Wednesday, December 5, 2012

#BookReview: The Twelve Tribes of Hattie - Ayana Mathis

Is there a limit on the amount of love a parent can have for their child?  If you have more than one child, is it possible to have loved your other children so much that you have nothing left for the others?  Or is it just possible for life to beat you down so much so that you have nothing left to give your children except a place to stay, food to eat and a determination to survive?

I can't find fault with Hattie Shepherd.  Giving birth to your first children at the age of 19 in a new city can be overwhelming.  To find yourself giving birth years later at the age of 46 is surprising.  Then to turn around at 74 and find yourself mothering your grandchildren, is not an easy road.  But how do you explain that to your children who only see you as cold and uncaring?

"Somebody always wants something from me," she said in a near whisper.  "They're eating me alive."

As you read, you'll be caught up in the lives of Lloyd, the musician; Six, the wonder boy preacher; the high strung and insecure Alice, who pretends her brother Billups needs her when, in reality, she's the one that desperately needs him; Bell, who seeks revenge against Hattie when all she really wants is to know the secret joy her mother found once upon a time; and countless others.  Mathis dedicates chapters to the various offspring, but their interactions as children aren't explored as much as they are as adults.  She wants you to see who they've become as a result of living in the house.

I love the set up of the book.  It feels like a compilation of short stories that are loosely tied together, with the only common thread being that Hattie and August have given birth to them.  With the exception of Alice and Billups, we see very little interaction among the siblings once they leave home.  It's as if Hattie's lack of love spread to them and there's nothing that bonds any of them together.

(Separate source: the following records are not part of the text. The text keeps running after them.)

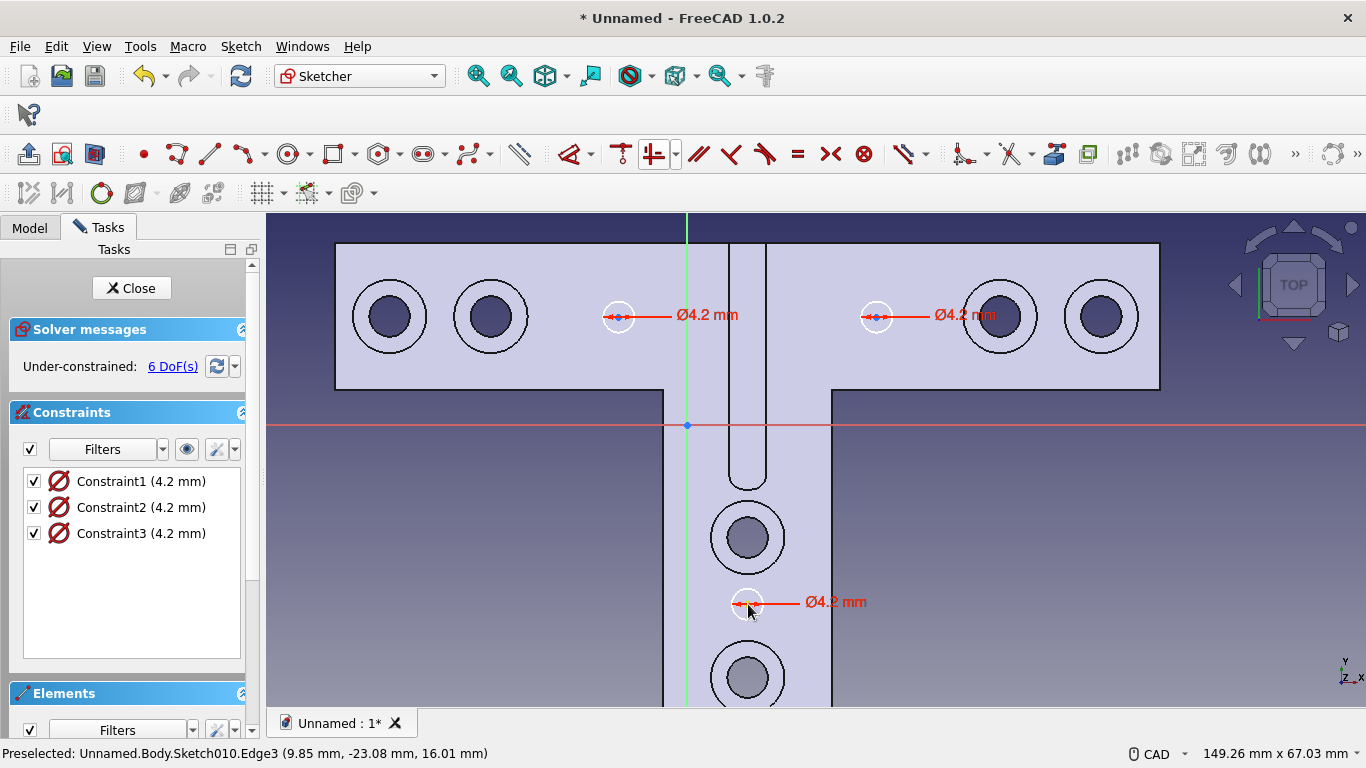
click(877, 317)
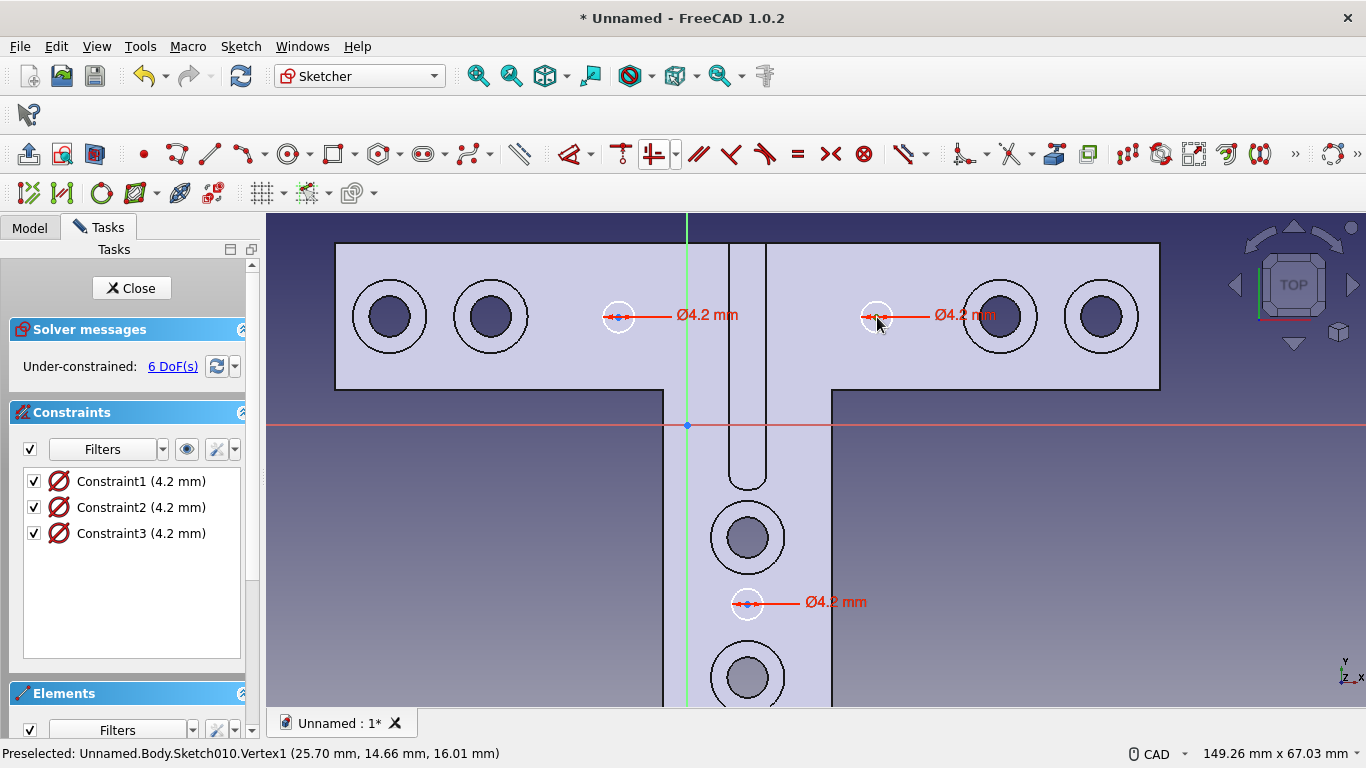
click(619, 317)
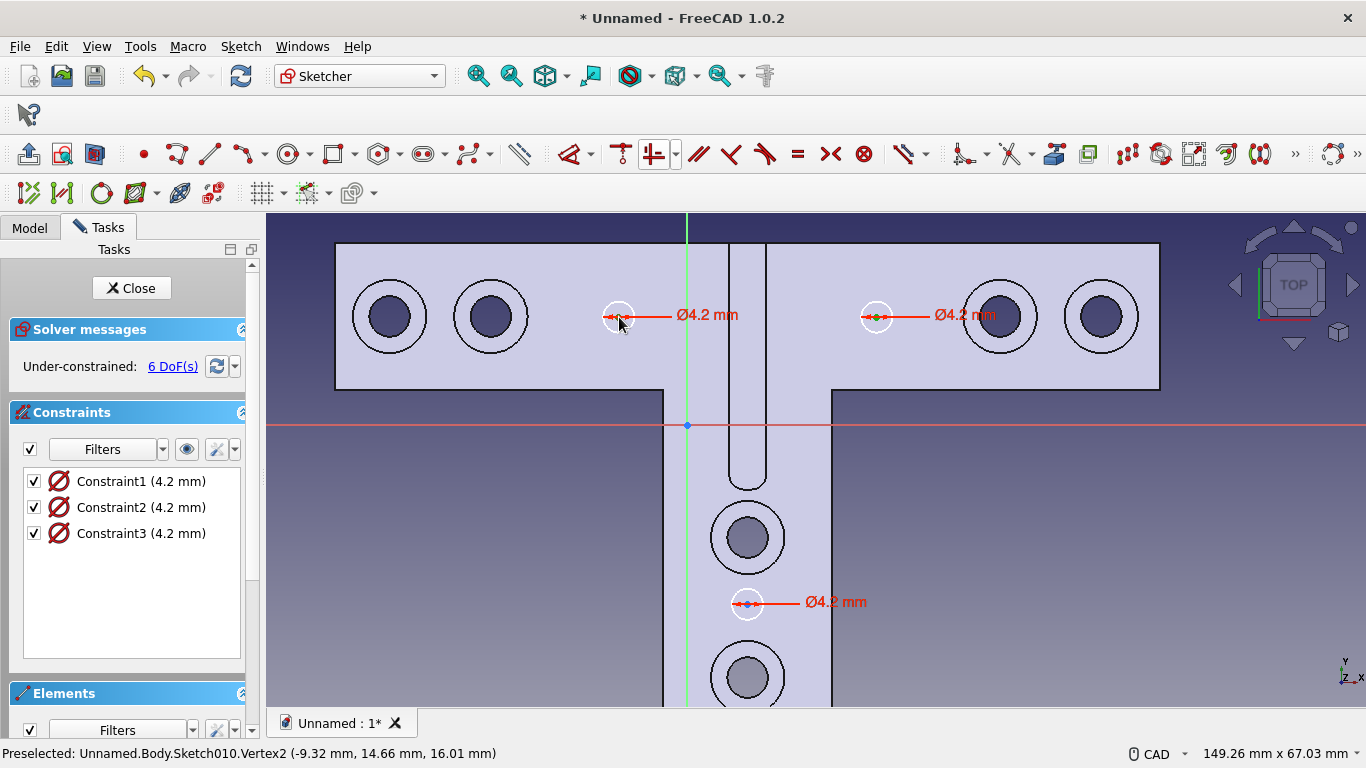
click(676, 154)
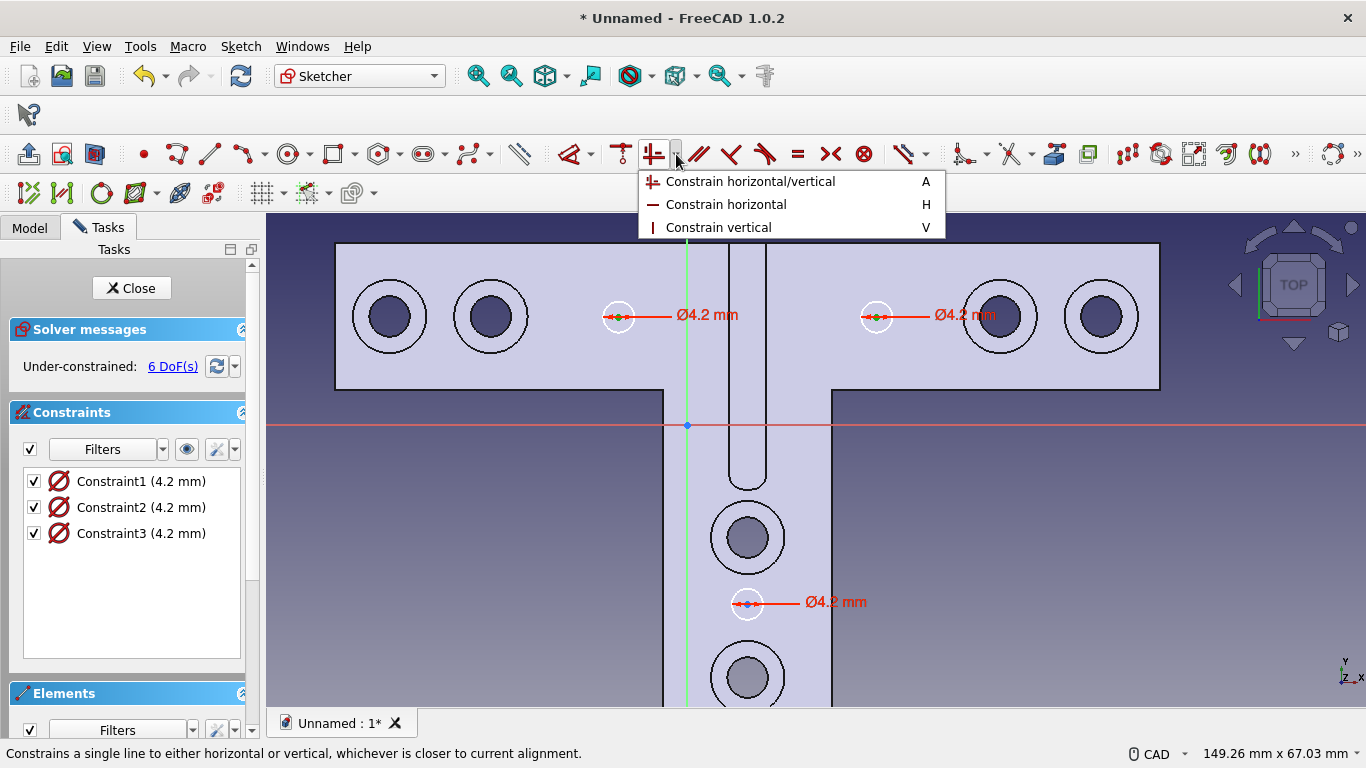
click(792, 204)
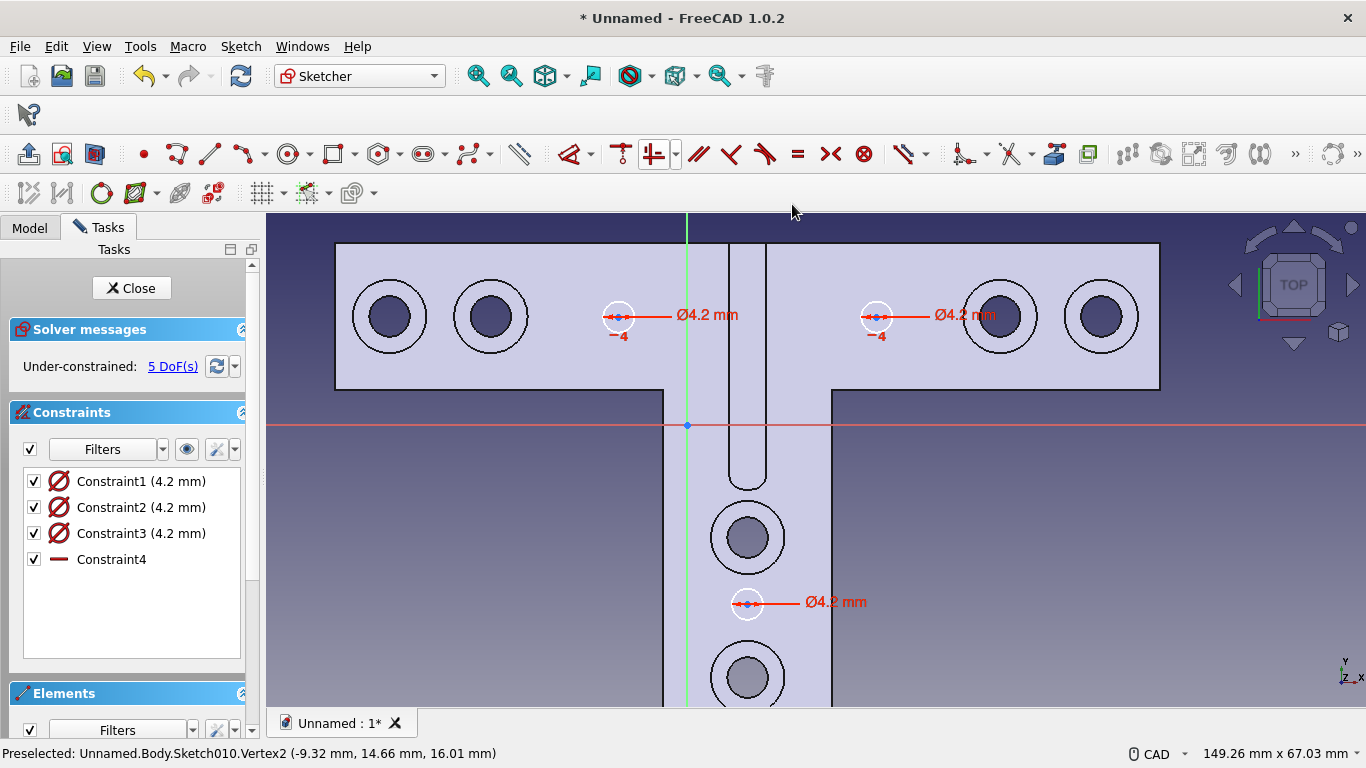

Part of the great migration to the north, I wonder how much of Hattie's coldness is a reflection of her surroundings.  While her husband, August, longs for the Georgia he remembers, minus Jim Crow, Hattie refuses to even speak its name.  Still, you have to wonder if August lamenting over leaving the south is valid.  Would Hattie have been different, would the children have had different lives, had they been surrounded by paper shell pecans, sweet gum trees, gigantic peaches and neighbors whose names they could recite years later? 

Published: December 2012
Disclaimer: Copy of book received from publisher, opinions are my own.